[SUPPLIED MATERIAL]
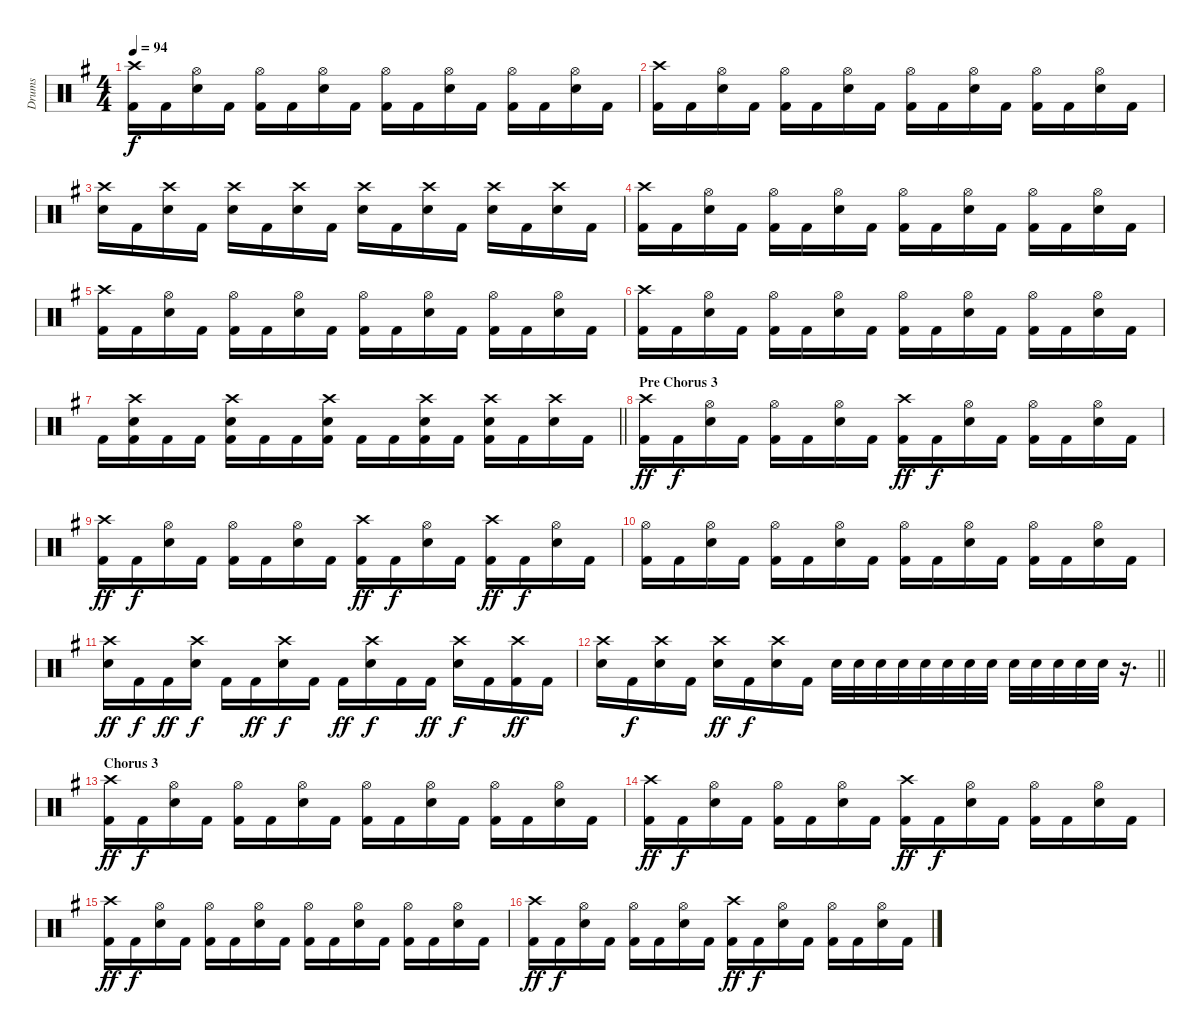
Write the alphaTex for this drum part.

\track ("Drums" "Drums") {instrument percussion}
\staff {score}
\articulation defaults
\ts (4 4)
\tempo 94
\clef neutral
\ks g
("Crash high (hit)" "Kick (hit) 2").16{dy f} "Kick (hit) 2".16 ("Hi-Hat (open)" "Snare (hit) 2").16 "Kick (hit) 2".16 ("Hi-Hat (open)" "Kick (hit) 2").16 "Kick (hit) 2".16 ("Hi-Hat (open)" "Snare (hit) 2").16 "Kick (hit) 2".16 ("Hi-Hat (open)" "Kick (hit) 2").16 "Kick (hit) 2".16 ("Hi-Hat (open)" "Snare (hit) 2").16 "Kick (hit) 2".16 ("Hi-Hat (open)" "Kick (hit) 2").16 "Kick (hit) 2".16 ("Hi-Hat (open)" "Snare (hit) 2").16 "Kick (hit) 2".16 |
("Crash high (hit)" "Kick (hit) 2").16 "Kick (hit) 2".16 ("Hi-Hat (open)" "Snare (hit) 2").16 "Kick (hit) 2".16 ("Hi-Hat (open)" "Kick (hit) 2").16 "Kick (hit) 2".16 ("Hi-Hat (open)" "Snare (hit) 2").16 "Kick (hit) 2".16 ("Hi-Hat (open)" "Kick (hit) 2").16 "Kick (hit) 2".16 ("Hi-Hat (open)" "Snare (hit) 2").16 "Kick (hit) 2".16 ("Hi-Hat (open)" "Kick (hit) 2").16 "Kick (hit) 2".16 ("Hi-Hat (open)" "Snare (hit) 2").16 "Kick (hit) 2".16 |
("Crash high (hit)" "Snare (hit) 2").16 "Kick (hit) 2".16 ("Crash high (hit)" "Snare (hit) 2").16 "Kick (hit) 2".16 ("Crash high (hit)" "Snare (hit) 2").16 "Kick (hit) 2".16 ("Crash high (hit)" "Snare (hit) 2").16 "Kick (hit) 2".16 ("Crash high (hit)" "Snare (hit) 2").16 "Kick (hit) 2".16 ("Crash high (hit)" "Snare (hit) 2").16 "Kick (hit) 2".16 ("Crash high (hit)" "Snare (hit) 2").16 "Kick (hit) 2".16 ("Crash high (hit)" "Snare (hit) 2").16 "Kick (hit) 2".16 |
("Crash high (hit)" "Kick (hit) 2").16 "Kick (hit) 2".16 ("Hi-Hat (open)" "Snare (hit) 2").16 "Kick (hit) 2".16 ("Hi-Hat (open)" "Kick (hit) 2").16 "Kick (hit) 2".16 ("Hi-Hat (open)" "Snare (hit) 2").16 "Kick (hit) 2".16 ("Hi-Hat (open)" "Kick (hit) 2").16 "Kick (hit) 2".16 ("Hi-Hat (open)" "Snare (hit) 2").16 "Kick (hit) 2".16 ("Hi-Hat (open)" "Kick (hit) 2").16 "Kick (hit) 2".16 ("Hi-Hat (open)" "Snare (hit) 2").16 "Kick (hit) 2".16 |
("Crash high (hit)" "Kick (hit) 2").16 "Kick (hit) 2".16 ("Hi-Hat (open)" "Snare (hit) 2").16 "Kick (hit) 2".16 ("Hi-Hat (open)" "Kick (hit) 2").16 "Kick (hit) 2".16 ("Hi-Hat (open)" "Snare (hit) 2").16 "Kick (hit) 2".16 ("Hi-Hat (open)" "Kick (hit) 2").16 "Kick (hit) 2".16 ("Hi-Hat (open)" "Snare (hit) 2").16 "Kick (hit) 2".16 ("Hi-Hat (open)" "Kick (hit) 2").16 "Kick (hit) 2".16 ("Hi-Hat (open)" "Snare (hit) 2").16 "Kick (hit) 2".16 |
("Crash high (hit)" "Kick (hit) 2").16 "Kick (hit) 2".16 ("Hi-Hat (open)" "Snare (hit) 2").16 "Kick (hit) 2".16 ("Hi-Hat (open)" "Kick (hit) 2").16 "Kick (hit) 2".16 ("Hi-Hat (open)" "Snare (hit) 2").16 "Kick (hit) 2".16 ("Hi-Hat (open)" "Kick (hit) 2").16 "Kick (hit) 2".16 ("Hi-Hat (open)" "Snare (hit) 2").16 "Kick (hit) 2".16 ("Hi-Hat (open)" "Kick (hit) 2").16 "Kick (hit) 2".16 ("Hi-Hat (open)" "Snare (hit) 2").16 "Kick (hit) 2".16 |
\barLineRight lightlight "Kick (hit) 2".16
("Crash high (hit)" "Snare (hit) 2" "Kick (hit) 2").16 "Kick (hit) 2".16 "Kick (hit) 2".16 ("Crash high (hit)" "Snare (hit) 2" "Kick (hit) 2").16 "Kick (hit) 2".16 "Kick (hit) 2".16 ("Crash high (hit)" "Snare (hit) 2" "Kick (hit) 2").16 "Kick (hit) 2".16 "Kick (hit) 2".16 ("Crash high (hit)" "Snare (hit) 2" "Kick (hit) 2").16 "Kick (hit) 2".16 ("Crash high (hit)" "Snare (hit) 2" "Kick (hit) 2").16 "Kick (hit) 2".16 ("Crash high (hit)" "Snare (hit) 2").16 "Kick (hit) 2".16 |
\section ("" "Pre Chorus 3")
("Crash high (hit)" "Kick (hit) 2").16{dy ff} "Kick (hit) 2".16{dy f} ("Hi-Hat (open)" "Snare (hit) 2").16 "Kick (hit) 2".16 ("Hi-Hat (open)" "Kick (hit) 2").16 "Kick (hit) 2".16 ("Hi-Hat (open)" "Snare (hit) 2").16 "Kick (hit) 2".16 ("Crash high (hit)" "Kick (hit) 2").16{dy ff} "Kick (hit) 2".16{dy f} ("Hi-Hat (open)" "Snare (hit) 2").16 "Kick (hit) 2".16 ("Hi-Hat (open)" "Kick (hit) 2").16 "Kick (hit) 2".16 ("Hi-Hat (open)" "Snare (hit) 2").16 "Kick (hit) 2".16 |
("Crash high (hit)" "Kick (hit) 2").16{dy ff} "Kick (hit) 2".16{dy f} ("Hi-Hat (open)" "Snare (hit) 2").16 "Kick (hit) 2".16 ("Hi-Hat (open)" "Kick (hit) 2").16 "Kick (hit) 2".16 ("Hi-Hat (open)" "Snare (hit) 2").16 "Kick (hit) 2".16 ("Crash high (hit)" "Kick (hit) 2").16{dy ff} "Kick (hit) 2".16{dy f} ("Hi-Hat (open)" "Snare (hit) 2").16 "Kick (hit) 2".16 ("Crash high (hit)" "Kick (hit) 2").16{dy ff} "Kick (hit) 2".16{dy f} ("Hi-Hat (open)" "Snare (hit) 2").16 "Kick (hit) 2".16 |
("Hi-Hat (open)" "Kick (hit) 2").16 "Kick (hit) 2".16 ("Hi-Hat (open)" "Snare (hit) 2").16 "Kick (hit) 2".16 ("Hi-Hat (open)" "Kick (hit) 2").16 "Kick (hit) 2".16 ("Hi-Hat (open)" "Snare (hit) 2").16 "Kick (hit) 2".16 ("Hi-Hat (open)" "Kick (hit) 2").16 "Kick (hit) 2".16 ("Hi-Hat (open)" "Snare (hit) 2").16 "Kick (hit) 2".16 ("Hi-Hat (open)" "Kick (hit) 2").16 "Kick (hit) 2".16 ("Hi-Hat (open)" "Snare (hit) 2").16 "Kick (hit) 2".16 |
("Crash high (hit)" "Snare (hit) 2").16{dy ff} "Kick (hit) 2".16{dy f} "Kick (hit) 2".16{dy ff} ("Crash high (hit)" "Snare (hit) 2").16{dy f} "Kick (hit) 2".16 "Kick (hit) 2".16{dy ff} ("Crash high (hit)" "Snare (hit) 2").16{dy f} "Kick (hit) 2".16 "Kick (hit) 2".16{dy ff} ("Crash high (hit)" "Snare (hit) 2").16{dy f} "Kick (hit) 2".16 "Kick (hit) 2".16{dy ff} ("Crash high (hit)" "Snare (hit) 2").16{dy f} "Kick (hit) 2".16 ("Crash high (hit)" "Kick (hit) 2").16{dy ff} "Kick (hit) 2".16 |
\barLineRight lightlight
("Crash high (hit)" "Snare (hit) 2").16 "Kick (hit) 2".16{dy f} ("Crash high (hit)" "Snare (hit) 2").16 "Kick (hit) 2".16 ("Crash high (hit)" "Snare (hit) 2").16{dy ff} "Kick (hit) 2".16{dy f} ("Crash high (hit)" "Snare (hit) 2").16 "Kick (hit) 2".16 "Snare (hit) 2".32 "Snare (hit) 2".32 "Snare (hit) 2".32 "Snare (hit) 2".32 "Snare (hit) 2".32 "Snare (hit) 2".32 "Snare (hit) 2".32 "Snare (hit) 2".32 "Snare (hit) 2".32 "Snare (hit) 2".32 "Snare (hit) 2".32 "Snare (hit) 2".32 "Snare (hit) 2".32 r.16{d} |
\section ("" "Chorus 3")
("Crash high (hit)" "Kick (hit) 2").16{dy ff} "Kick (hit) 2".16{dy f} ("Hi-Hat (open)" "Snare (hit) 2").16 "Kick (hit) 2".16 ("Hi-Hat (open)" "Kick (hit) 2").16 "Kick (hit) 2".16 ("Hi-Hat (open)" "Snare (hit) 2").16 "Kick (hit) 2".16 ("Hi-Hat (open)" "Kick (hit) 2").16 "Kick (hit) 2".16 ("Hi-Hat (open)" "Snare (hit) 2").16 "Kick (hit) 2".16 ("Hi-Hat (open)" "Kick (hit) 2").16 "Kick (hit) 2".16 ("Hi-Hat (open)" "Snare (hit) 2").16 "Kick (hit) 2".16 |
("Crash high (hit)" "Kick (hit) 2").16{dy ff} "Kick (hit) 2".16{dy f} ("Hi-Hat (open)" "Snare (hit) 2").16 "Kick (hit) 2".16 ("Hi-Hat (open)" "Kick (hit) 2").16 "Kick (hit) 2".16 ("Hi-Hat (open)" "Snare (hit) 2").16 "Kick (hit) 2".16 ("Crash high (hit)" "Kick (hit) 2").16{dy ff} "Kick (hit) 2".16{dy f} ("Hi-Hat (open)" "Snare (hit) 2").16 "Kick (hit) 2".16 ("Hi-Hat (open)" "Kick (hit) 2").16 "Kick (hit) 2".16 ("Hi-Hat (open)" "Snare (hit) 2").16 "Kick (hit) 2".16 |
("Crash high (hit)" "Kick (hit) 2").16{dy ff} "Kick (hit) 2".16{dy f} ("Hi-Hat (open)" "Snare (hit) 2").16 "Kick (hit) 2".16 ("Hi-Hat (open)" "Kick (hit) 2").16 "Kick (hit) 2".16 ("Hi-Hat (open)" "Snare (hit) 2").16 "Kick (hit) 2".16 ("Hi-Hat (open)" "Kick (hit) 2").16 "Kick (hit) 2".16 ("Hi-Hat (open)" "Snare (hit) 2").16 "Kick (hit) 2".16 ("Hi-Hat (open)" "Kick (hit) 2").16 "Kick (hit) 2".16 ("Hi-Hat (open)" "Snare (hit) 2").16 "Kick (hit) 2".16 |
("Crash high (hit)" "Kick (hit) 2").16{dy ff} "Kick (hit) 2".16{dy f} ("Hi-Hat (open)" "Snare (hit) 2").16 "Kick (hit) 2".16 ("Hi-Hat (open)" "Kick (hit) 2").16 "Kick (hit) 2".16 ("Hi-Hat (open)" "Snare (hit) 2").16 "Kick (hit) 2".16 ("Crash high (hit)" "Kick (hit) 2").16{dy ff} "Kick (hit) 2".16{dy f} ("Hi-Hat (open)" "Snare (hit) 2").16 "Kick (hit) 2".16 ("Hi-Hat (open)" "Kick (hit) 2").16 "Kick (hit) 2".16 ("Hi-Hat (open)" "Snare (hit) 2").16 "Kick (hit) 2".16

[THE TASK]
Look through the listing, and copy each line that contains the word "lightlight".

[ANSWER SECTION]
\barLineRight lightlight "Kick (hit) 2".16
\barLineRight lightlight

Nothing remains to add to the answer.